Вячеслав Иванов был весь на подмене одного ряда другим и умер хранителем Ватиканской библиотеки. Он был религиозным поэтом. Религиозность Блока иронична.

За символизмом Блока вставала вторая, не религиозная, а бытовая тема, смененная темой революции.

Вспоминался Фет, Яков Полонский, вставал цыганский романс. Блок умер, вписывая в дневник один романс за другим, При встречах я говорил с ним об этих романсах, еще не зная, что он записывает их, И он тогда со мной соглашался.

Цыганский романс – это немало, он живет голосом Пушкина и голосом лучших наших лириков. Цыганский романс многочислен. Блок выписал на память двадцать романсов.

«Утро туманное, утро седое», – писал Тургенев, и Блок взял потом эти слова названием книги.

«Ночи безумные, ночи бессонные», – писал Апухтин. А у Блока это так:

Была ты всех ярче, верней и прелестней,

Не кляни же меня, не кляни!

Мой поезд летит, как цыганская песня,

Как те невозвратные дни…[5]

Цыганский романс и в те предвоенные годы проступал в стихах Блока.

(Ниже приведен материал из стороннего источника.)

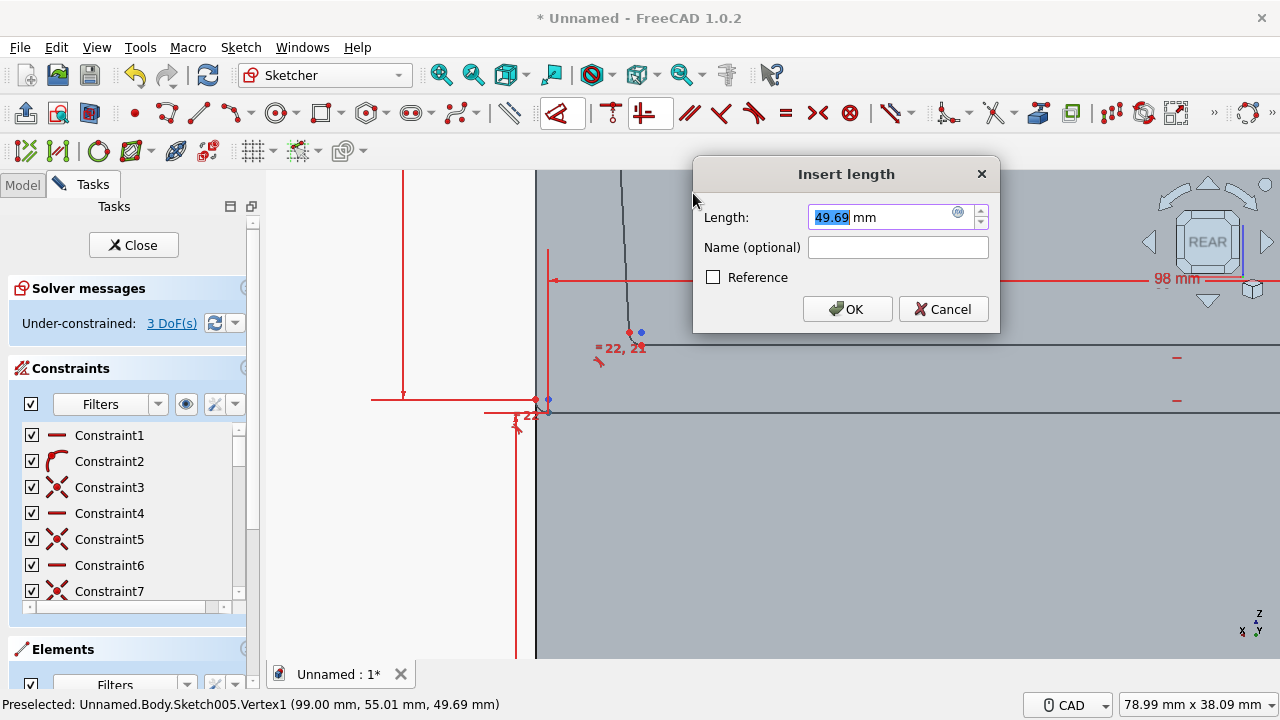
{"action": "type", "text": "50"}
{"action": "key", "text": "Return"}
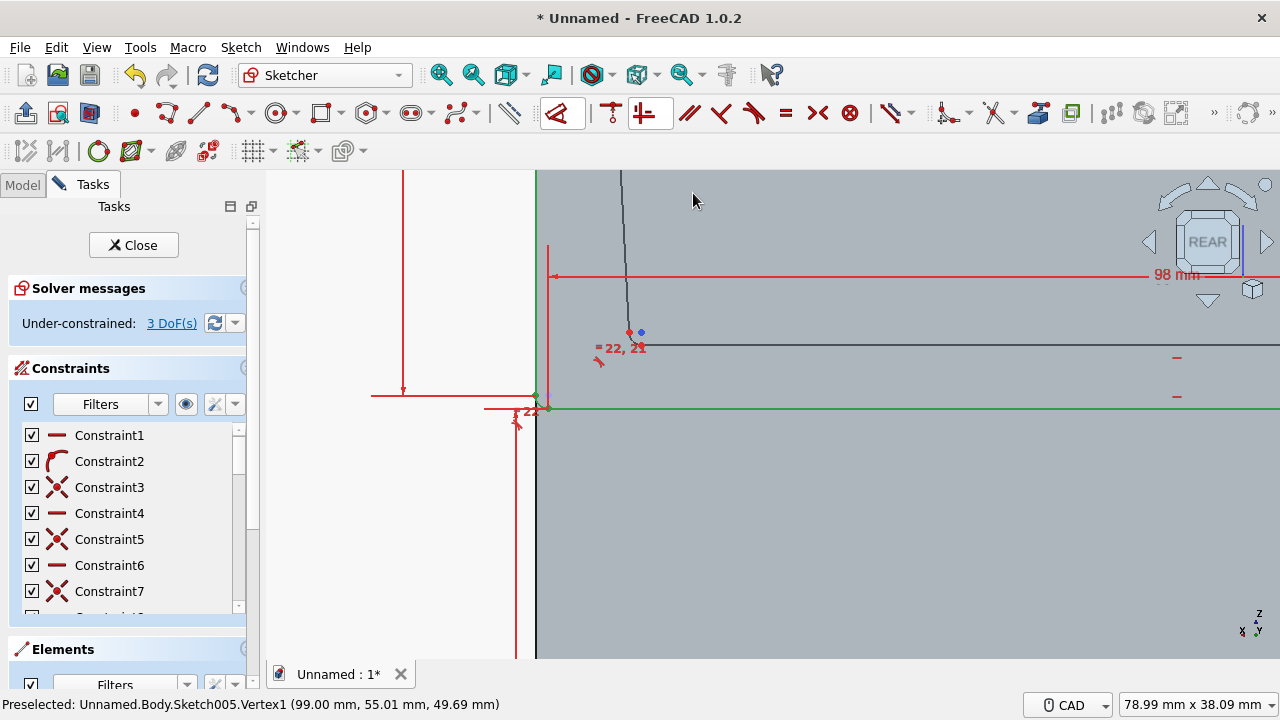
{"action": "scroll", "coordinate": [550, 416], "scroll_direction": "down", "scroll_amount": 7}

Цыганская песня – это очень немало. Я услыхал романс у цыган уже после революции.

На гитарах, доски которых проиграны были уже почти насквозь, играли старые цыгане в доме Софьи Андреевны Толстой – внучки.

Играли, вспоминали про Льва Николаевича.

Любил старик романсы, любил романс «Не зови меня к разумной жизни» и говорил: «Вот это поэзия».

Он слушал пластинки Вари Паниной и поворачивал трубу граммофона к крестьянам, которые его дожидались, чтобы они ее тоже послушали.

Романс – это песня уличная, но это еще не песня улицы.

Блок в то время увлекался французской борьбой, читал романы Брешко-Брешковского. Все находящееся вне сферы высокого искусства приобрело тогда особую силу. Блок говорил, что настоящее произведение искусства может возникнуть только тогда, когда поддерживаешь непосредственное, некнижное отношение с миром.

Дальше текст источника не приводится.